In the summer, Briskway, a broad-spectrum cooling DMI (Demethylation Inhibitors), is added to the rotation. Daconil Action and Heritage Action are also part of the summer program. Both fungicides include multiple active ingredients. “With the summer stress, we try to boost that plant health up,” Roy says.

Agronomic savvy, grit and quality relationships help The River Club flourish despite a challenging growing environment.

The combination of proven formulations and a strong relationship with Whitecliffe soothe Roy during perilous periods. The pair’s relationship spans a decade.

“It’s just like having employees you trust,” he says. “You know that you can tell a guy to go out there and perform a certain task, and you don’t have to follow-up behind him and do it two or three times. You just have that trust level on these products. You know that you feel good about them and you have used them for years, and if you have a question, you know who you can call. It makes you sleep better at night. It makes your job much easier. It gives you confidence going into summer that you know you have those products that you can rely on and trust. You see those results firsthand and you know that they work.”

The River Club’s conditions impress Whitecliffe, who calls the private club market “extremely competitive” in Atlanta’s north suburbs. “I am proud to support so many courses that are among the highest maintained golf courses in the country,” Whitecliffe adds. “There are a lot of top, elite clubs.”

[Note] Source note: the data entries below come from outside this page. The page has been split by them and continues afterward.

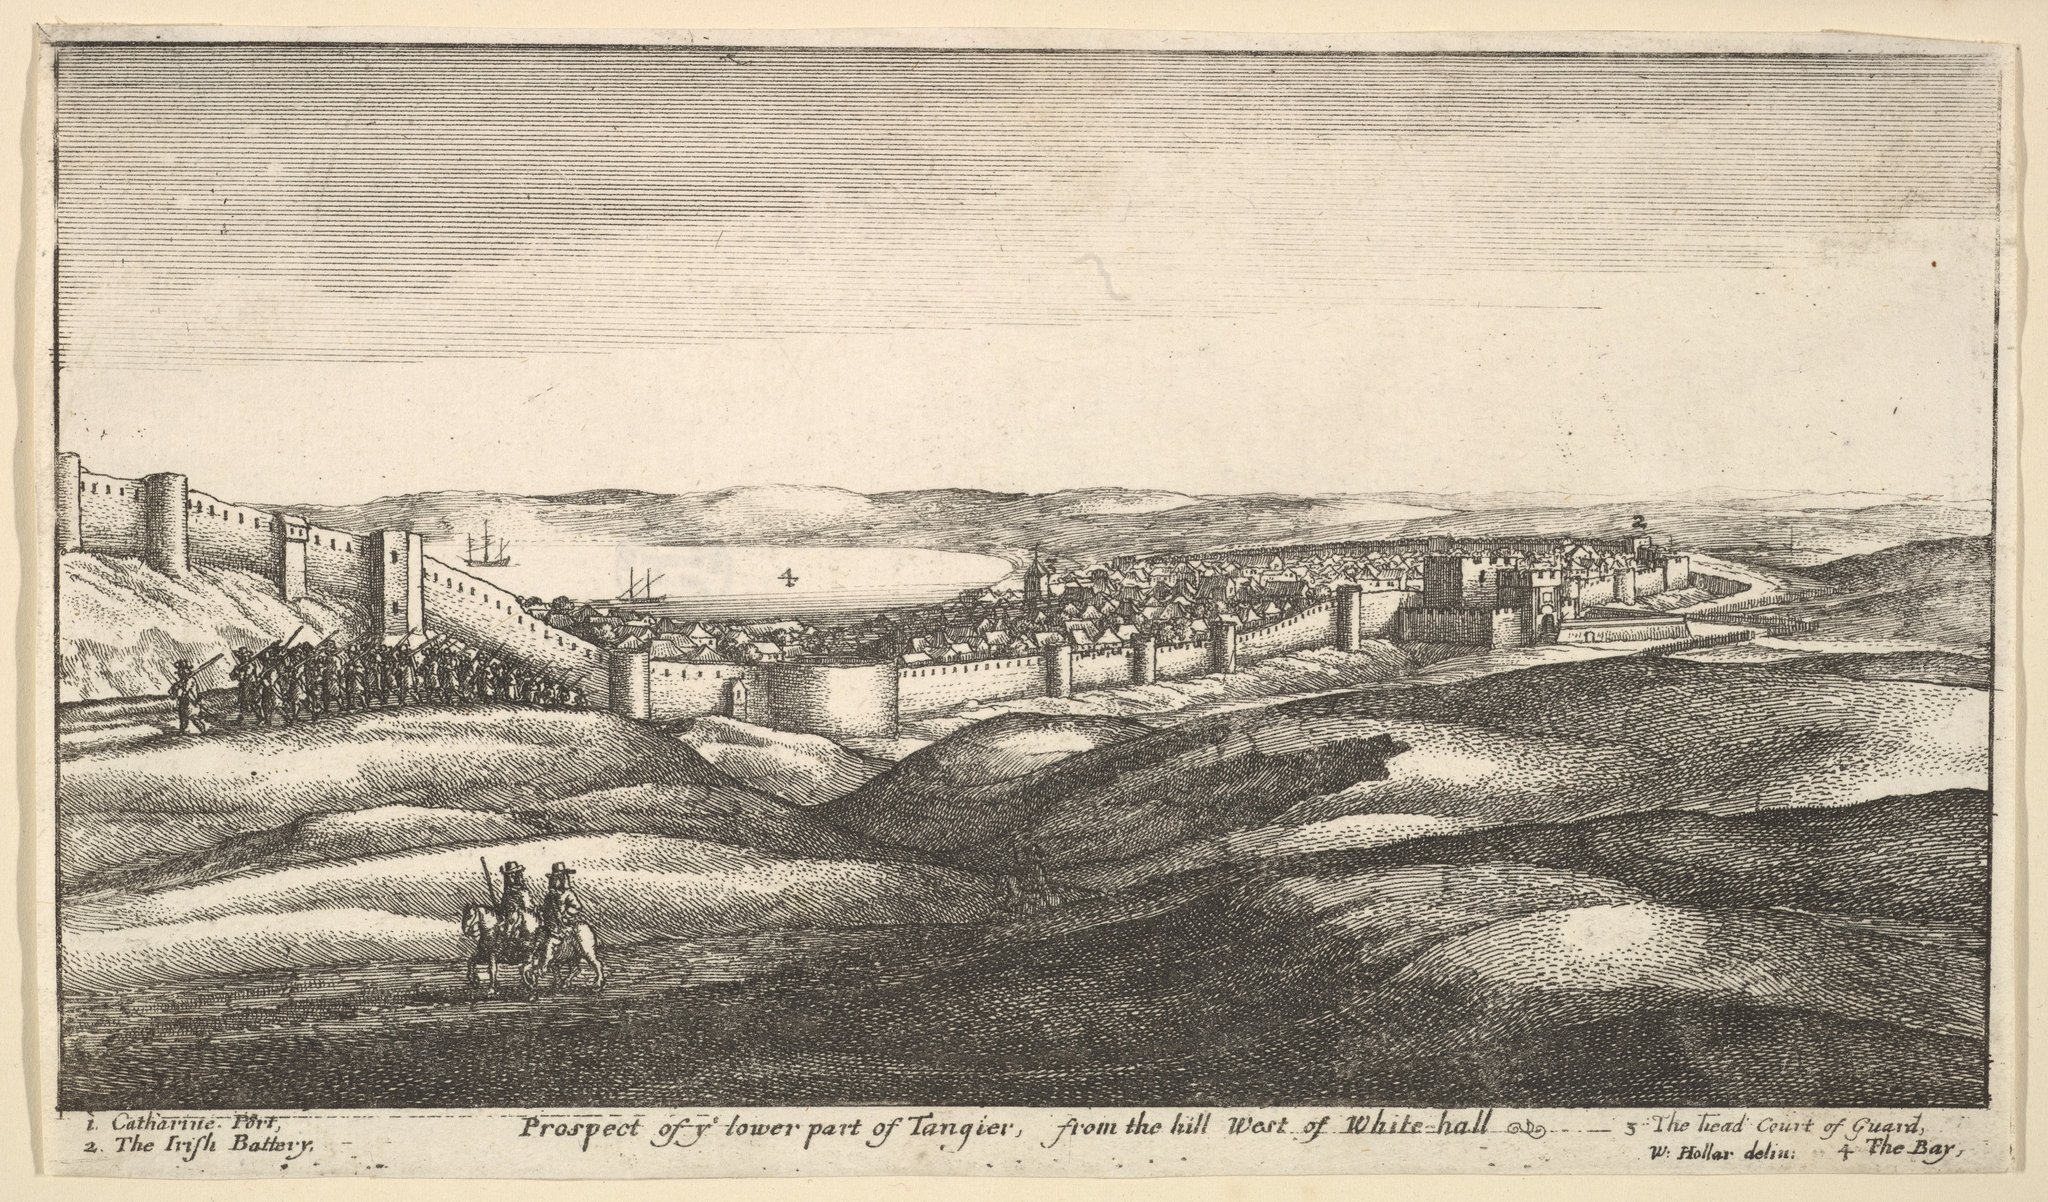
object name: print
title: Prospect of ye lower part of Tangier, from the hill West of White-hall, from "Views of Tangier"
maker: wenceslaus hollar
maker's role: artist
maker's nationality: bohemian
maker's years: 1607-1677
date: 1669-1673
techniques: etching
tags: fortification,soldiers,weapons,horses,hills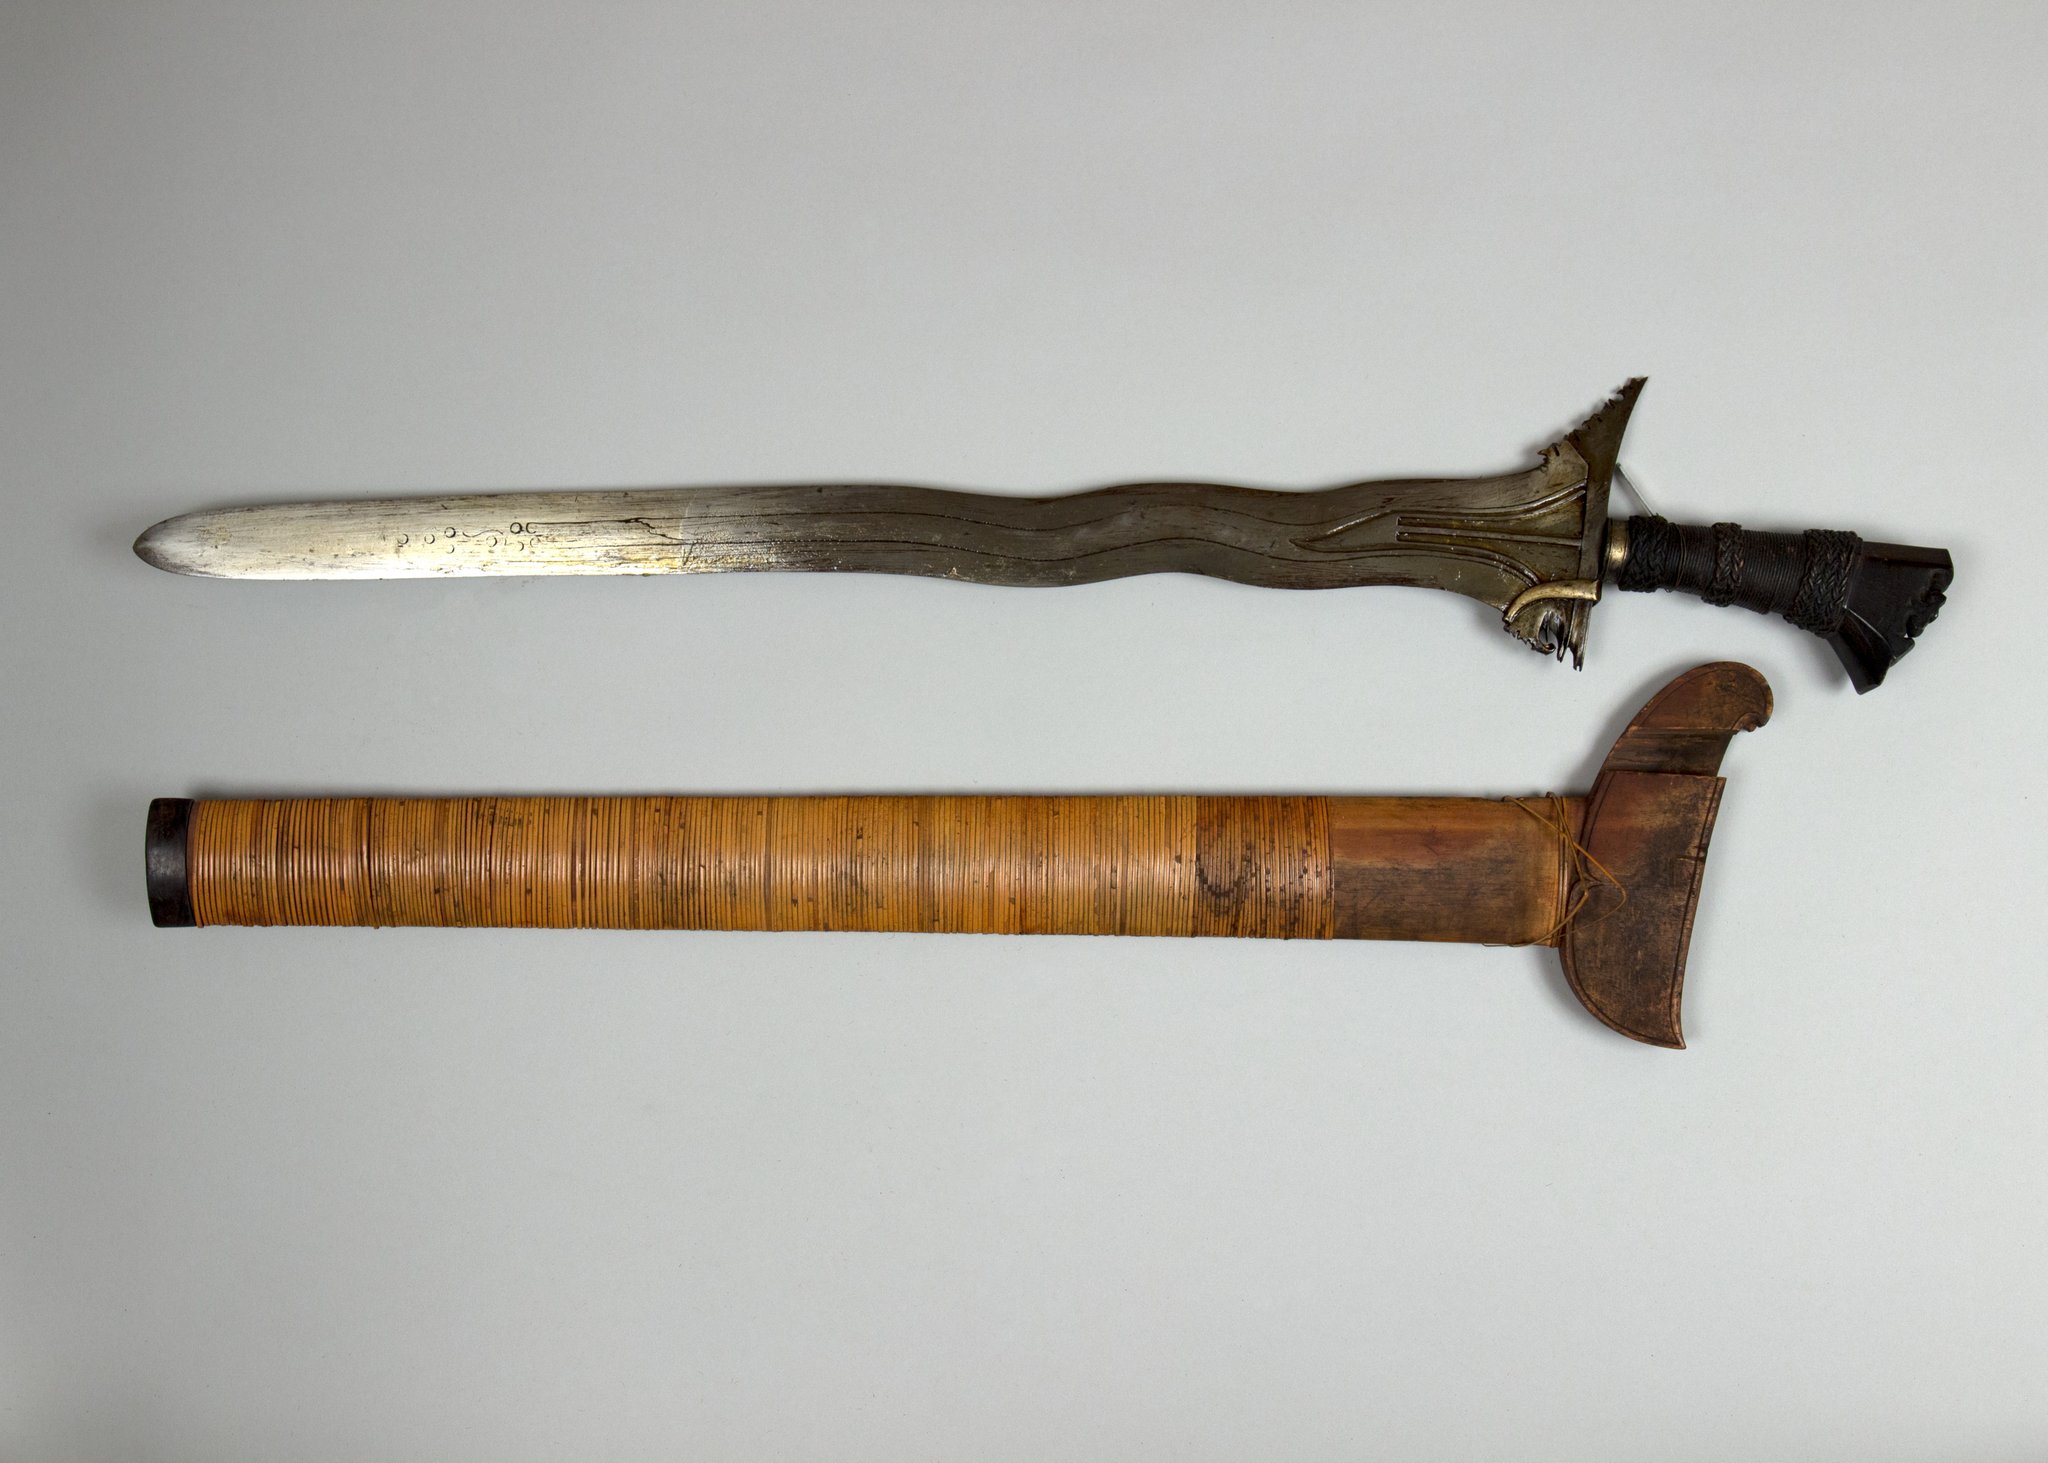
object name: kris with sheath
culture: philippine
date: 1701-1900
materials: cord, horn, steel, wood
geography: philippines

The River Club opened at a tricky time for private clubs with a housing element – three years before the start of the recession – yet has thrived. Roy, who grew up in Kernersville, N.C., a small town between Winston-Salem and Greensboro, worked at a trio of respected facilities in the Carolinas, Sedgefield Country Club, The Peninsula Club and Oldfield Club, before arriving in Georgia. Roy, a NC State graduate, obtained grow-in experience at Oldfield. A four-time Carolinas GCSA golf champion, he also sees the course from a golfer’s perspective.

“He’s a high, high level golfer, and I think that brings something to the table,” Whitecliffe says. “He knows what to expect from a championship level golf course and he tries to deliver that every day to his members. As the course matures, it’s hard to maintain those levels. Just like there are challenges when we age, there are challenges with a golf course. Knowing the history of the property is certainly a big leg up as opposed to coming in cold and not knowing anything about it.”

In the spirit of continual improvement, Roy is eyeing ways to make the course play firmer and faster, thus increasing golfer enjoyment and easing the maintenance burden. Building upon The River Club’s strong environmental pedigree represents another goal. The course received Certified Audubon Sanctuary status in 2006, becoming the 12th Georgia course to earn the designation. The club’s Chattahoochee River Trail runs along parts of the back nine, giving members an opportunity to study a variety of wildlife, including woodpeckers and blue herons.

“I think all of us in this business want to show that we are good stewards of the land, we are educated and we’re using resources to the best of our abilities and that we care about the environment, what’s around us and what’s down the stream from us,” Roy says. “Whenever we sit down and make a plan, we are thinking about all of those aspects. We’re trying to find the best solution that not only fits our needs, but the environment’s needs and the golfers’ needs. I think there are so many better solutions out there nowadays than 10, 15, 20, 30 years ago.”